● Information shown:
══════════

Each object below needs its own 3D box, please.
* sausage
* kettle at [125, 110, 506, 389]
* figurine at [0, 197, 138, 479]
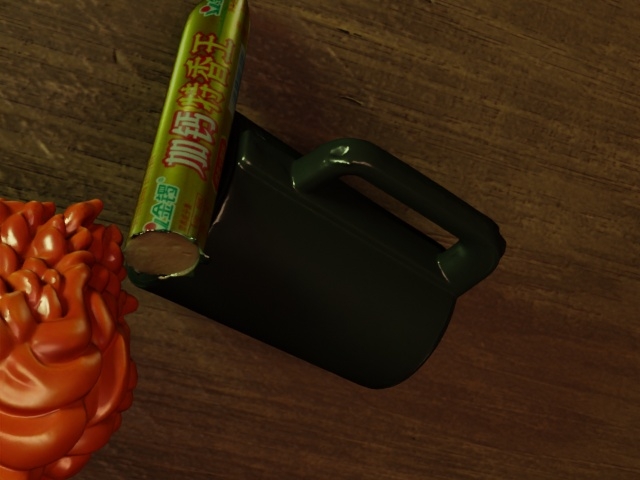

══════════

● To do: The material above should be repeated word for word, with every picture omitted.

● Your solution:
Each object below needs its own 3D box, please.
* sausage
* kettle at [125, 110, 506, 389]
* figurine at [0, 197, 138, 479]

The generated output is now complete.